WHAT TO PRODUCE:
What you return should be the full listing, word for word, without a single image.

SOURCE DATA:
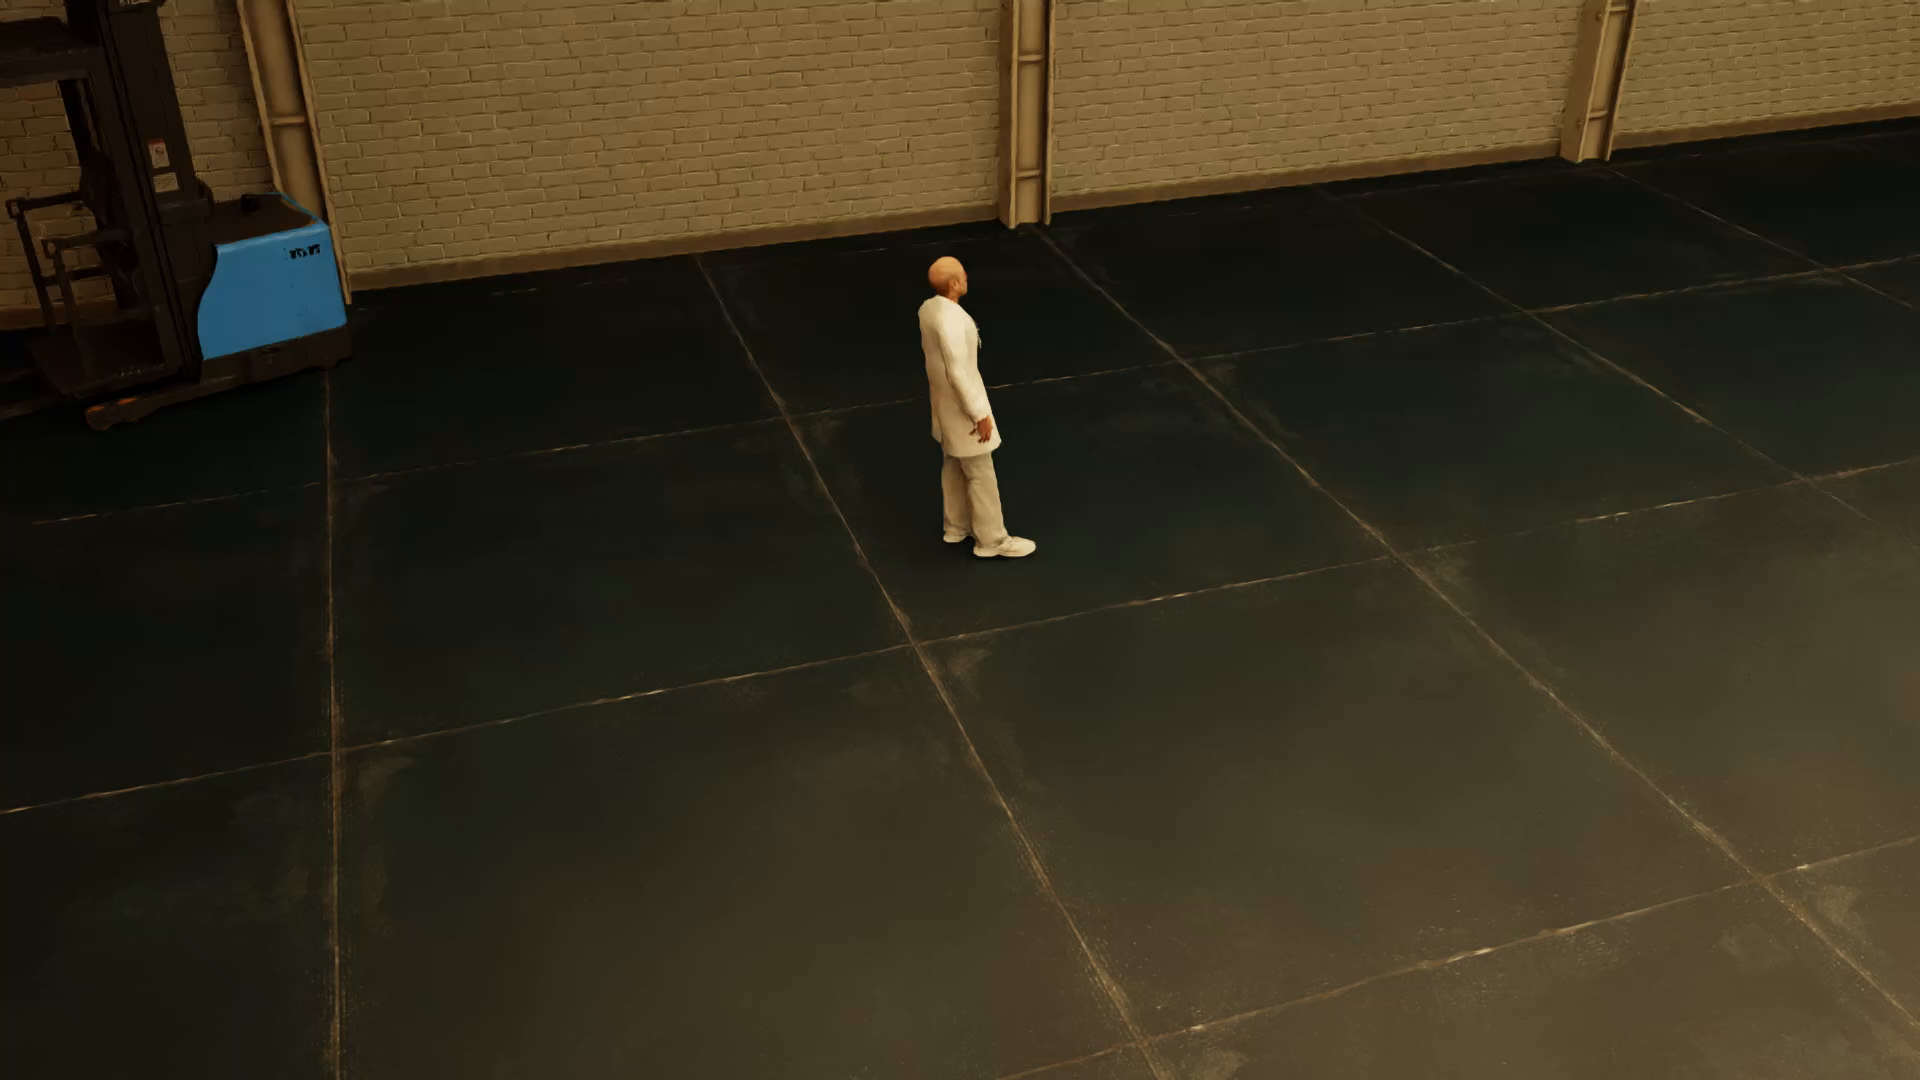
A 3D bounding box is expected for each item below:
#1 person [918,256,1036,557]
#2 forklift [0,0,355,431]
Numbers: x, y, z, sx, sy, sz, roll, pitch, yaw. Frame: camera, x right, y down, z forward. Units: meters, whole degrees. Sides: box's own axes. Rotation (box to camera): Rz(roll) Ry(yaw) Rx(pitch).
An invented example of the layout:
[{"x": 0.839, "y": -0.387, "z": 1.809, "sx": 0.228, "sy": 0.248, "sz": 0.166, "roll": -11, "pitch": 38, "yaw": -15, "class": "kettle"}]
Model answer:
[{"x": 0.088, "y": -0.789, "z": 9.600, "sx": 0.579, "sy": 1.776, "sz": 0.694, "roll": -10, "pitch": 31, "yaw": -16, "class": "person"}, {"x": -5.938, "y": -2.312, "z": 11.105, "sx": 3.031, "sy": 2.935, "sz": 1.130, "roll": -22, "pitch": 36, "yaw": -33, "class": "forklift"}]
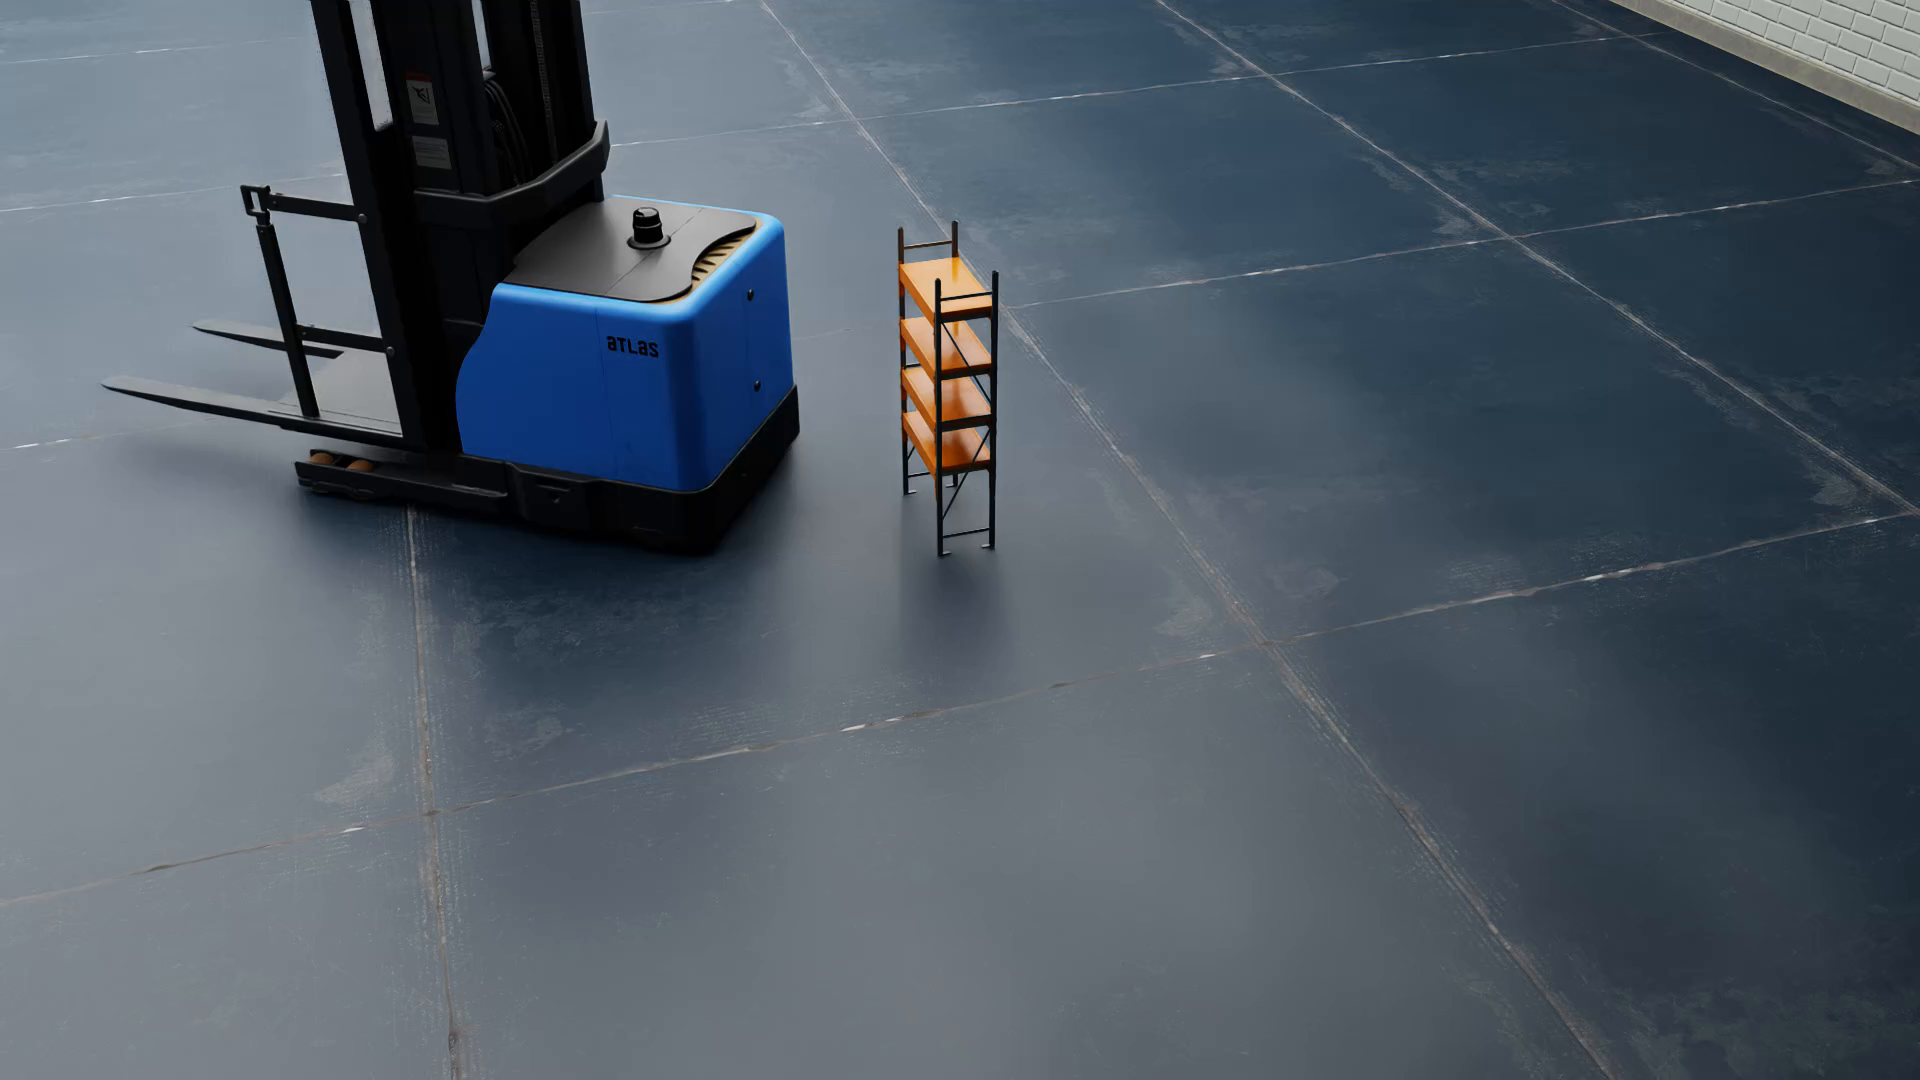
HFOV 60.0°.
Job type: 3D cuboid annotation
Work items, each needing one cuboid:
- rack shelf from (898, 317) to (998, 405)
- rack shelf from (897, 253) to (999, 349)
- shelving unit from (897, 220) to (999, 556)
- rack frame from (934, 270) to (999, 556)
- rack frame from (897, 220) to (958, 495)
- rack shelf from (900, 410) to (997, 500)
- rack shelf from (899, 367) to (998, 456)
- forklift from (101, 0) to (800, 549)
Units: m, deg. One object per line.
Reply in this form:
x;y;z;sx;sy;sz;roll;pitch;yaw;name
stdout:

RESULT FOR THIS TASK:
A 3D bounding box is expected for each item below:
#1 person [918,256,1036,557]
#2 forklift [0,0,355,431]
Numbers: x, y, z, sx, sy, sz, roll, pitch, yaw. Frame: camera, x right, y down, z forward. Units: meters, whole degrees. Sides: box's own axes. Rotation (box to camera): Rz(roll) Ry(yaw) Rx(pitch).
An invented example of the layout:
[{"x": 0.839, "y": -0.387, "z": 1.809, "sx": 0.228, "sy": 0.248, "sz": 0.166, "roll": -11, "pitch": 38, "yaw": -15, "class": "kettle"}]
Model answer:
[{"x": 0.088, "y": -0.789, "z": 9.600, "sx": 0.579, "sy": 1.776, "sz": 0.694, "roll": -10, "pitch": 31, "yaw": -16, "class": "person"}, {"x": -5.938, "y": -2.312, "z": 11.105, "sx": 3.031, "sy": 2.935, "sz": 1.130, "roll": -22, "pitch": 36, "yaw": -33, "class": "forklift"}]
HFOV 60.0°.
Job type: 3D cuboid annotation
Work items, each needing one cuboid:
- rack shelf from (898, 317) to (998, 405)
- rack shelf from (897, 253) to (999, 349)
- shelving unit from (897, 220) to (999, 556)
- rack frame from (934, 270) to (999, 556)
- rack frame from (897, 220) to (958, 495)
- rack shelf from (900, 410) to (997, 500)
- rack shelf from (899, 367) to (998, 456)
- forklift from (101, 0) to (800, 549)
Units: m, deg. One object per line.
Reply in this form:
x;y;z;sx;sy;sz;roll;pitch;yaw;name
stdout:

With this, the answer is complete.